Marking has this huge cognitive load to it, which crushes me for pretty much everything else I might want to do in a day. I usually have a couple of good hours in me at best—maybe four if I've slept really well—but marking means I can barely think straight for the rest of the day.

Most of my life, I've given myself the hardest of times. I assume that because most jobs require an eight-hour day, then surely I should be able to work eight hours a day. Then edit my novel and write blog posts and do research.

Right?

I wish.

The reality is that most days I work for those hours, then I recover for a few hours, then I'm done. It wasn't until I got my autism diagnosis and began looking into symptoms that I realised my dream of being a productive workerbot were never likely to come true. They're probably not realistic for most allistic or neurotypical people either, to be honest.

But it makes it all the harder to think through the brain fog to get anything done. I want to be able to show up for this blog. Over the last several years, I've started so many things and abandoned them halfway through. My Medium site is a patchwork of things I've started and never finished. There was the whole comic I was working on back on the Patreon site I couldn't keep up with because I got another horrible streak of depression in 2020 and didn't get out of bed for a month.

So... yeah

This is what annoys me about hustle culture, about grindset culture, that trickles into even the most well-meaning books of writing advice. I got a book this week about writing, one which is meant to be helpful in a deeper and more meaningful manner than your average guide.

Except that it quotes E.L. Doctorow saying that only writing is writing. Ahem. Citation very much needed, my good buddy.

I much prefer something I read from Jenny Diski on writing, several years ago, where she provides a counter-argument that there is so much not writing that goes into writing. My problem is that I can't find that article, but it was in the London Review of Books, and if you have time, you should read Jenny Diski.

I took this to heart because at the time I read it, I was obsessed with the idea of sitting down and writing, following the Doctorow philosophy that it didn't count if I wasn't actually putting words on the page. Writing with a capital W. But I didn't have anything to write. I didn't have anything which required putting into words.

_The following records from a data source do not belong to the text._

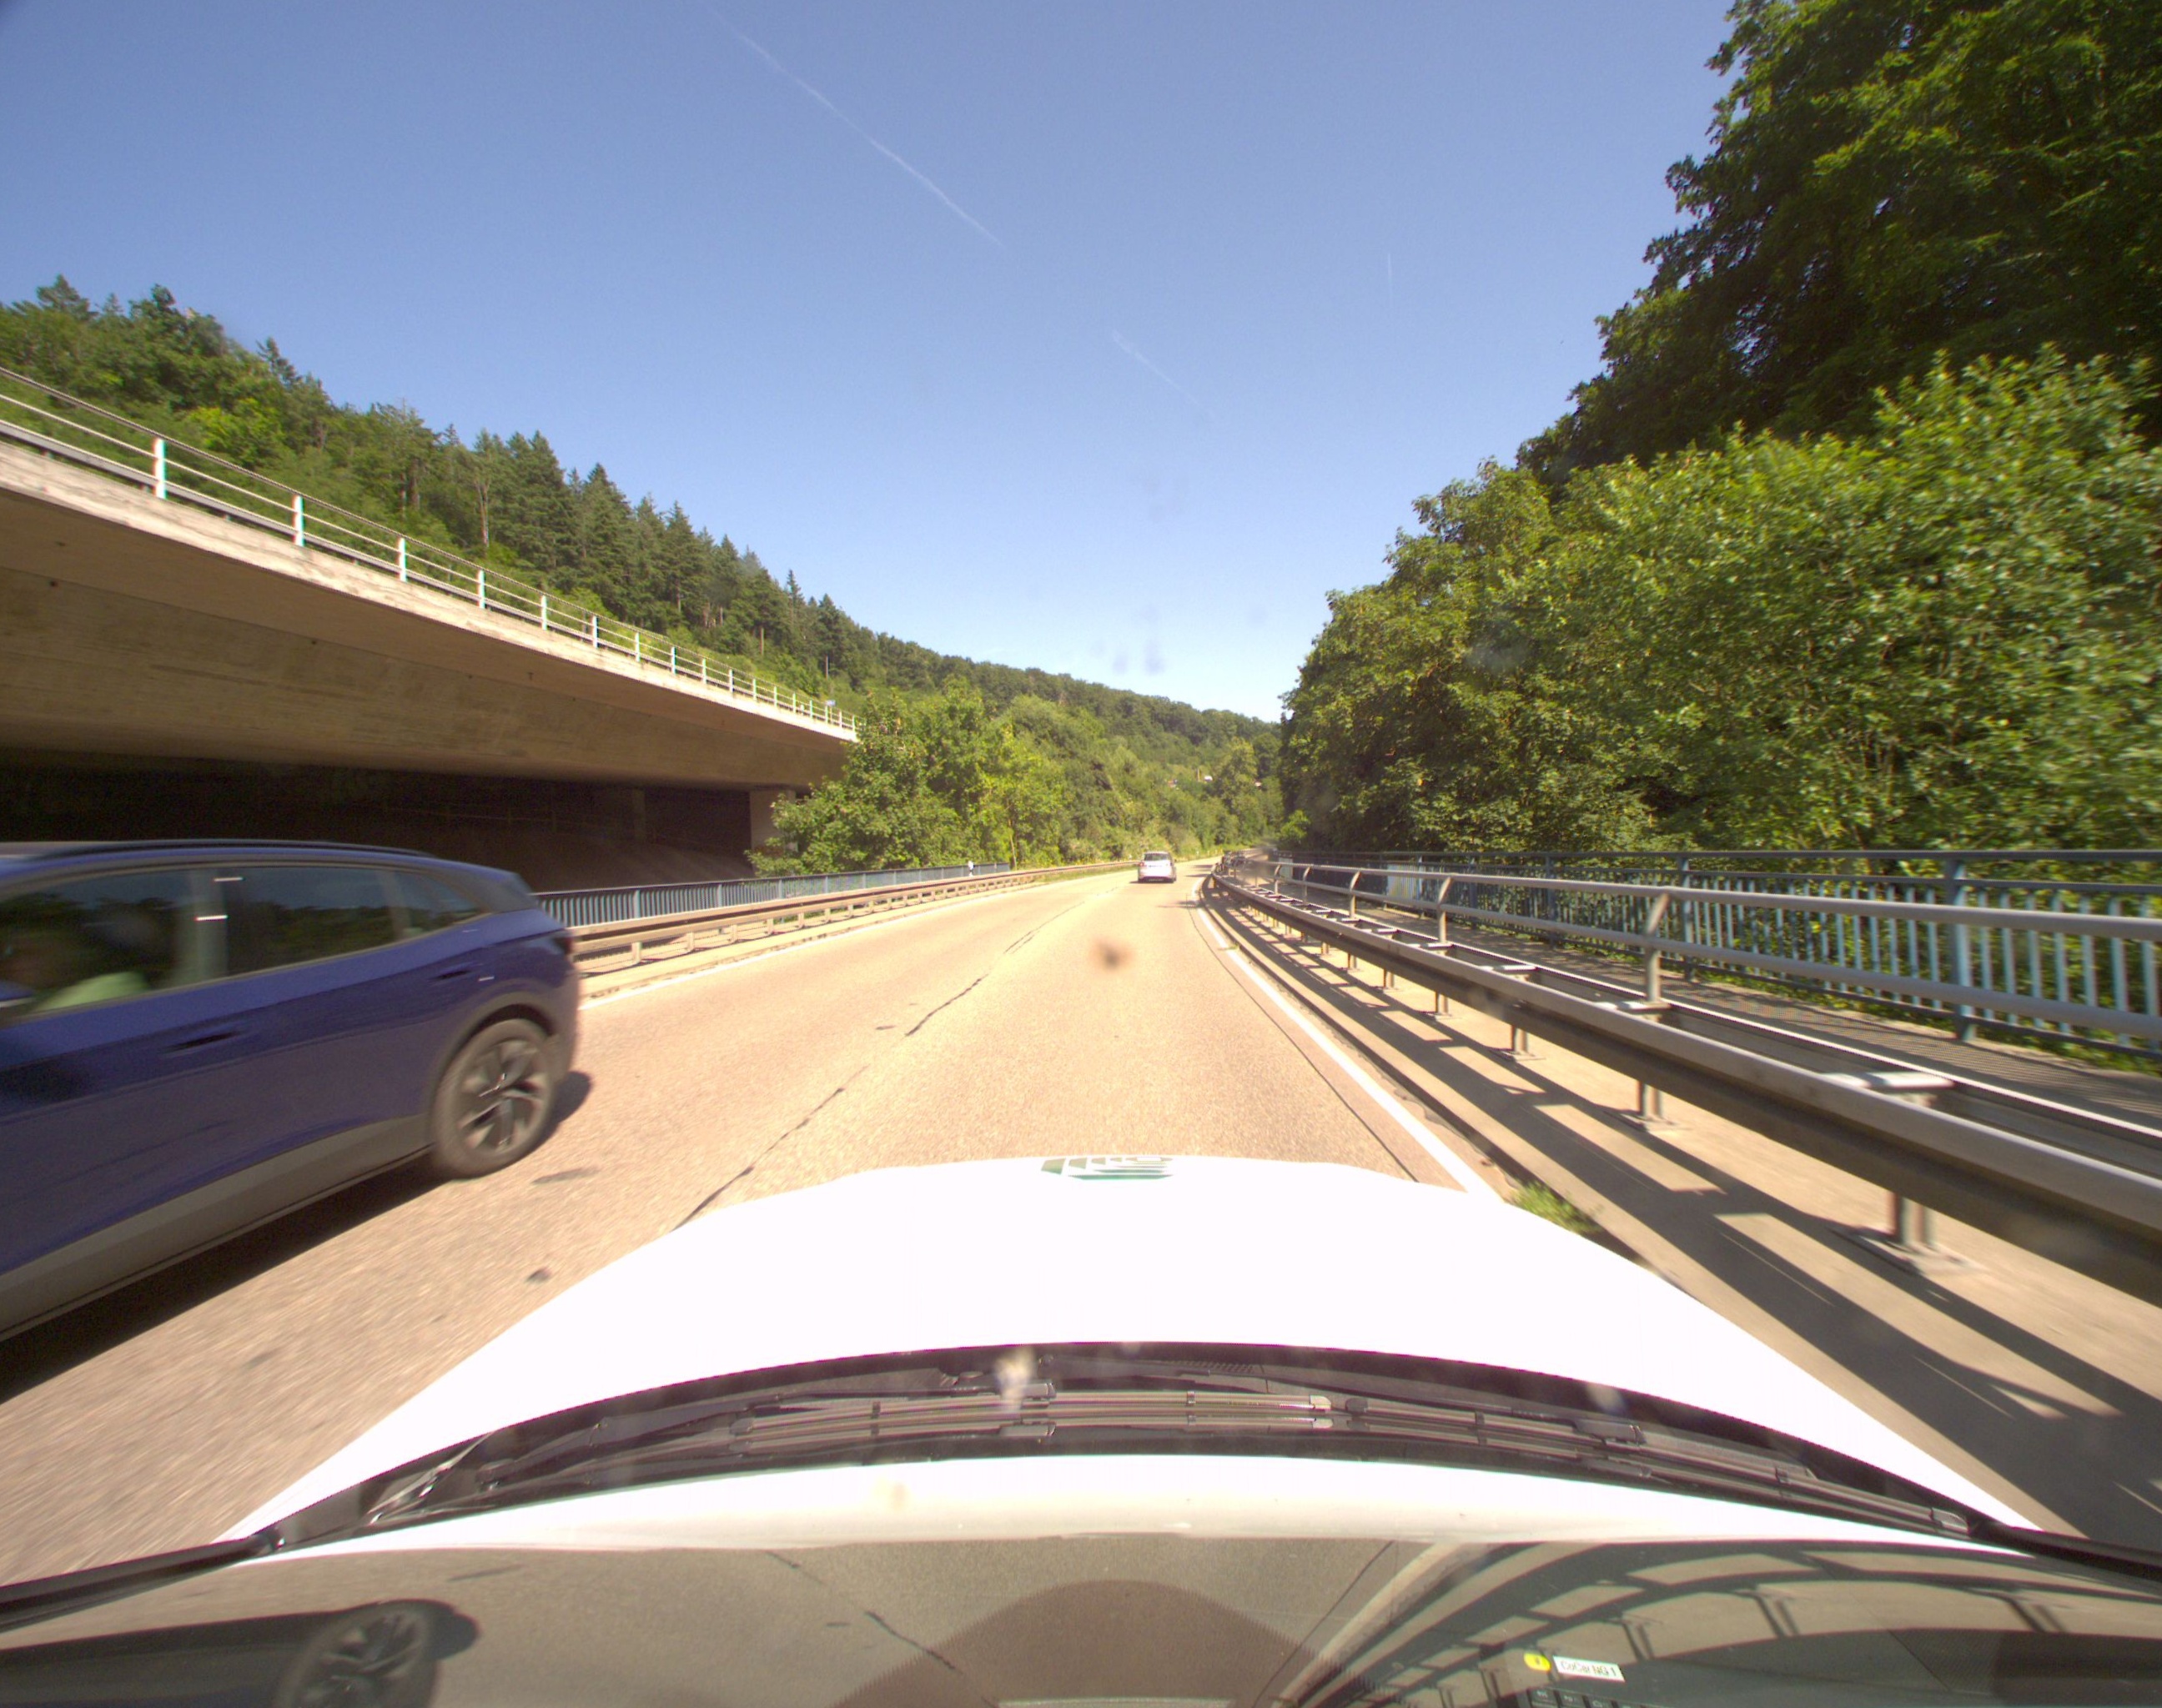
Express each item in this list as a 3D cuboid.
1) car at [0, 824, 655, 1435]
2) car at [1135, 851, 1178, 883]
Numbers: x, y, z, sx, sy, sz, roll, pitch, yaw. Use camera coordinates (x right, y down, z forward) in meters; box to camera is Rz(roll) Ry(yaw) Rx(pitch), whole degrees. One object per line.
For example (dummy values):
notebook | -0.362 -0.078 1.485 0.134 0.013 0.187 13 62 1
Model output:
car | -3.721 0.723 2.882 1.891 1.581 4.557 -1 0 2
car | 3.828 0.629 40.716 1.740 1.520 4.170 -1 0 10
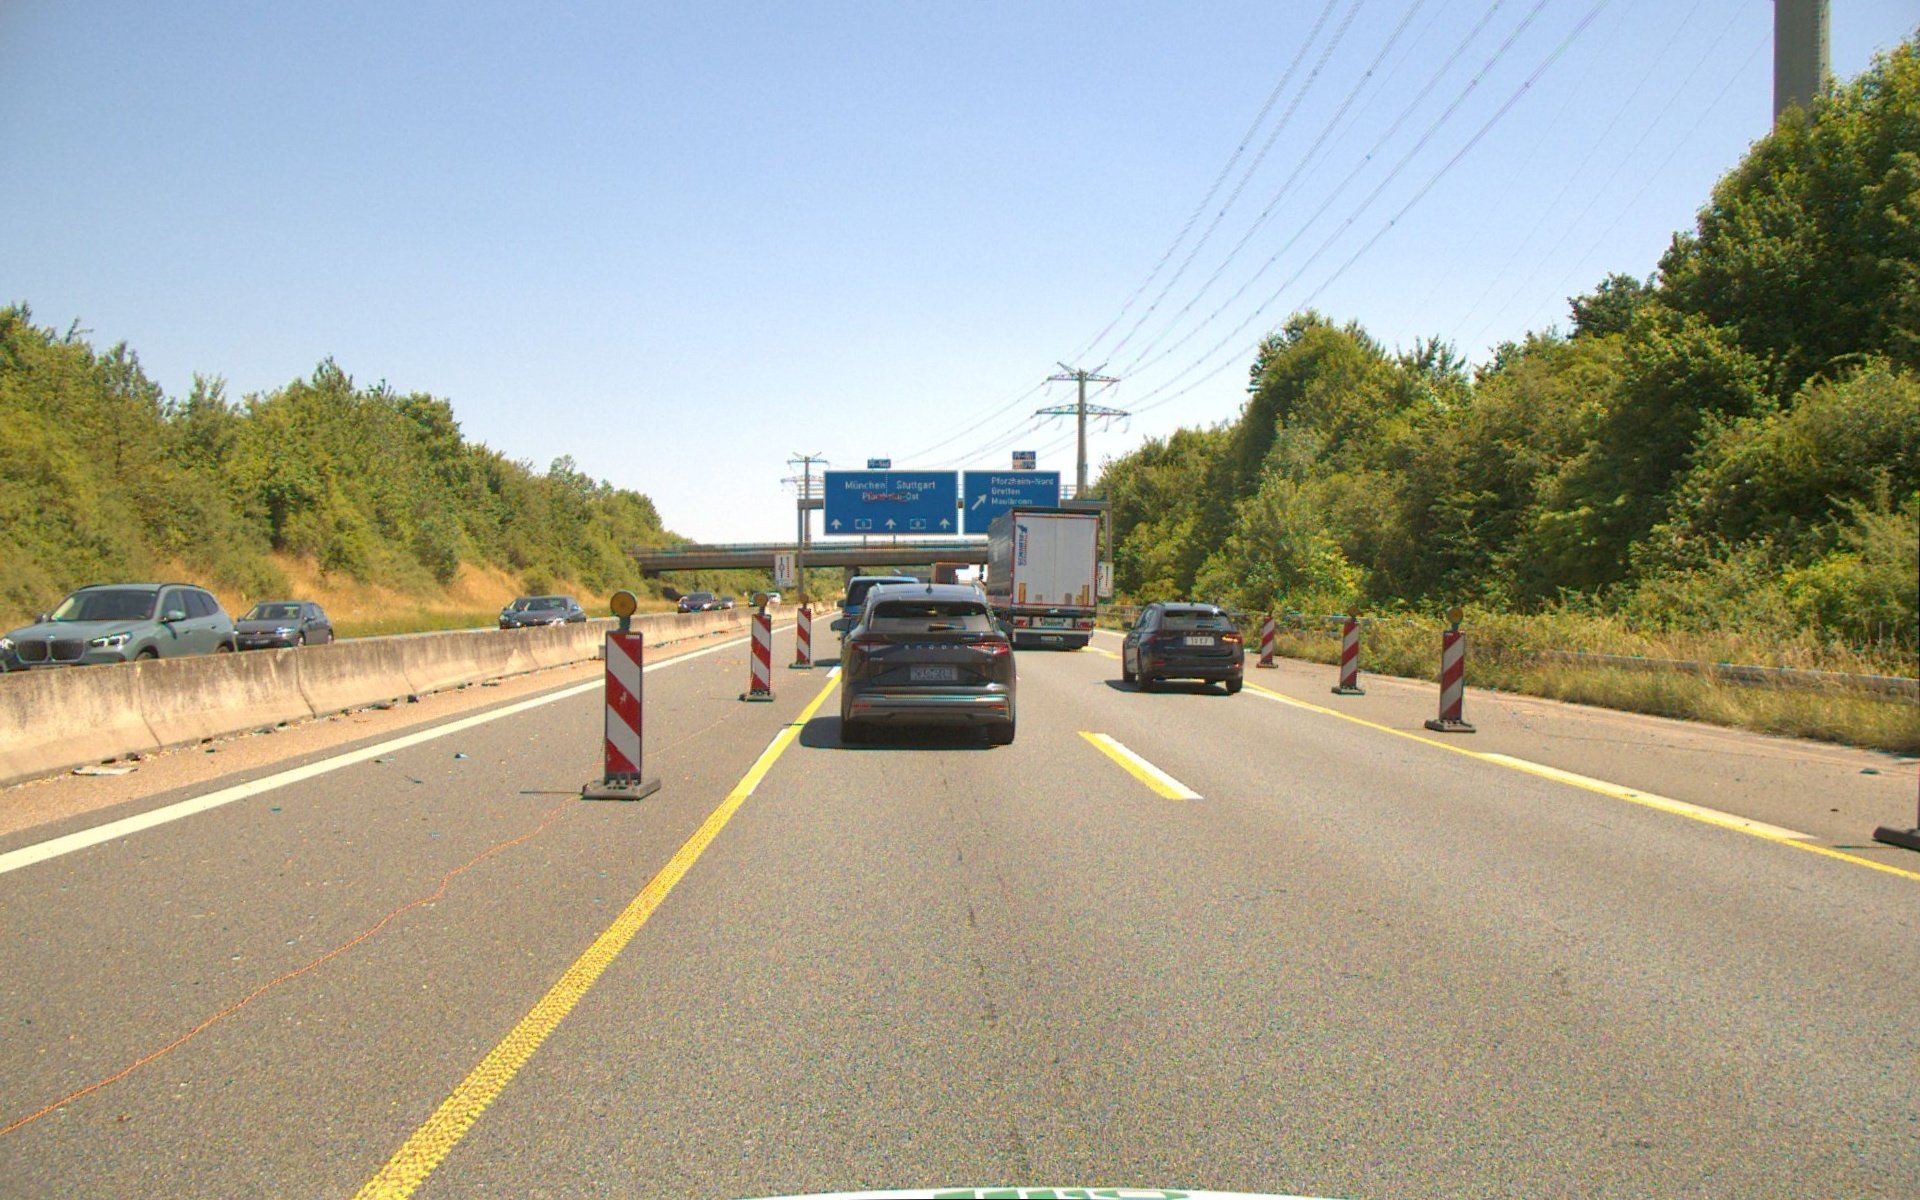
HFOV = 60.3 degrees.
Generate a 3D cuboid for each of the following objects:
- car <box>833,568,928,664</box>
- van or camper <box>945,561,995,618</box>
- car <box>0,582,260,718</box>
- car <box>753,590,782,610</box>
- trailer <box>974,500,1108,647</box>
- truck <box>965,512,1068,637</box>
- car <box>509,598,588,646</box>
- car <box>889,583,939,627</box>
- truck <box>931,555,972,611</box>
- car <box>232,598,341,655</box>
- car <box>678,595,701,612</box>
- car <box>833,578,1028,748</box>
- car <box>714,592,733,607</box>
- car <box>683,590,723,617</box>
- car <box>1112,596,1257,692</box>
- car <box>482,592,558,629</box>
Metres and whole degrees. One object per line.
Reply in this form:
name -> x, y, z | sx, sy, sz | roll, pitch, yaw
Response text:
car -> -1.752, 0.365, 36.416 | 1.858, 1.873, 4.439 | 4, -1, -3
van or camper -> 0.536, -0.605, 95.850 | 2.534, 3.019, 6.083 | 4, 0, -1
car -> -11.819, 0.640, 23.700 | 1.805, 1.744, 4.394 | -1, 0, -2
car -> -15.621, -0.002, 134.077 | 1.953, 1.628, 4.581 | 0, 0, -2
trailer -> 2.350, -0.778, 52.710 | 3.004, 4.113, 11.479 | 1, 0, -3
truck -> 1.914, -0.873, 59.642 | 2.964, 4.158, 7.790 | 1, 0, -3
car -> -13.133, 0.681, 52.981 | 1.583, 1.467, 3.989 | 0, 0, -1
car -> -1.894, 0.172, 67.030 | 1.858, 1.535, 4.441 | 3, 2, -3
truck -> -0.765, -1.318, 133.071 | 3.015, 4.219, 13.051 | 2, 0, -1
car -> -17.744, 0.661, 43.774 | 1.473, 1.421, 4.086 | -1, 0, -4
car -> -24.340, 0.319, 148.779 | 1.542, 1.490, 3.777 | 0, 0, -2
car -> -0.392, 0.587, 18.181 | 1.858, 1.620, 4.440 | 1, 0, -3
car -> -25.016, -0.089, 175.120 | 1.469, 1.575, 3.999 | 0, 0, -2
car -> -14.644, 0.183, 94.454 | 1.812, 1.486, 4.486 | -1, 0, -3
car -> 3.836, 0.709, 28.973 | 1.743, 1.515, 4.462 | 2, 0, -2
car -> -18.243, 0.413, 68.789 | 1.953, 1.486, 4.586 | -1, 0, -1

Or, which is possibly worse, I couldn't put into words the things I did have. Which is also another story entirely.

Writing is what happens at the end of a very strange series of activities. The more we tense up thinking the only moments that count are the ones at the end, we never make it to the bit where we do the writing in the first place. And before you freak out and worry that this is giving people permission to just stare out of the window for the rest of their lives and never get on with That Book They've Always Wanted To Write...

I shrug. I'm going to turn 45 this year and I'm all for staring out of the window. It's no less valid or meaningful, and it can be very beautiful way to spend your time indeed.

Character

I'm thinking about putting some of this material into Amnar. Whenever I'm knocked out by executive dysfunction, when I can't plan, when I show up for meetings ten minutes late or not at all, it's a reminder that not everybody is able-bodied or able-minded and even if you get brain fog every other day for the rest of your life, maybe you deserve to have a story with your lived experience in it.

And don't tell me it won't be exciting. Life without executive function in a world that's all about planning is one hell of a rollercoaster ride, let me tell you! Ha!

So that's it.

This is all for now, because I'm writing this late and I'm only just recovering from a very long day that ended with me getting what turned out to be worryingly strong glue on my fingertips. But this is the reality of the process of editing (and writing) in the world right now. At least, it is if you're neurodivergent or have a chronic illness, or both. You're going to show up some days in a fog.

Sometimes, you just have to appreciate the fog.


*Also, for all those jobs I was paid the princely sum of £1 something or other an hour because these were the days before guaranteed minimum wage.